In the years following its surrender in August 1945 — abetted by breast-beaters in the West — Japan did a brilliant job of portraying itself as one of the war's primary victims because of the atomic bombs that ended it. (And saved the lives of several hundred thousand Japanese, not to mention the American, British, Chinese, and other lives that would have been lost if the war had gone on for another six months, as everyone expected.) So now, every August, we have the twin spectacles in which Japan first parades its anti-nuke bona fides, then ties itself into knots trying to make an adequate apology for having started the war in the first place. It's particularly amusing this year, on the 70th anniversary of Little Boy and Fat Man on August 6/9, and the Showa emperor's broadcast on August 15. 

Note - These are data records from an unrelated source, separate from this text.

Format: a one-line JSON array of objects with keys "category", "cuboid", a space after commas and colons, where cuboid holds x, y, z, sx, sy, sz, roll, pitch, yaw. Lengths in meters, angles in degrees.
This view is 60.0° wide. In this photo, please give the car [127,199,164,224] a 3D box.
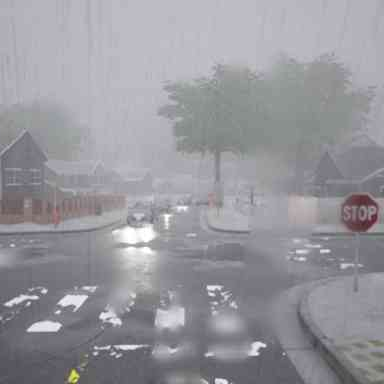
[{"category": "car", "cuboid": [-3.533, 1.484, 24.550, 2.128, 1.511, 4.902, 0, 0, 0]}]

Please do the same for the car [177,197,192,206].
[{"category": "car", "cuboid": [-1.228, 1.508, 54.581, 2.128, 1.511, 4.902, 0, 0, 9]}]

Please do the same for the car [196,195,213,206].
[{"category": "car", "cuboid": [1.896, 1.599, 56.640, 1.994, 1.385, 4.181, 0, 0, 10]}]

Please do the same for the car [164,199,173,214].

Even in 1945, the emperor carefully refrained from admitting any war guilt, or even to admit that he was surrendering. ("The war situation," he said in one of history's greatest understatements, "has developed not necessarily to Japan's advantage.") Since then it has only gotten worse, to the point where historians joke that most people know only two things about the Pacific War: that the Americans dropped and atomic bomb on Hiroshima, so the Japanese bombed Pearl Harbor.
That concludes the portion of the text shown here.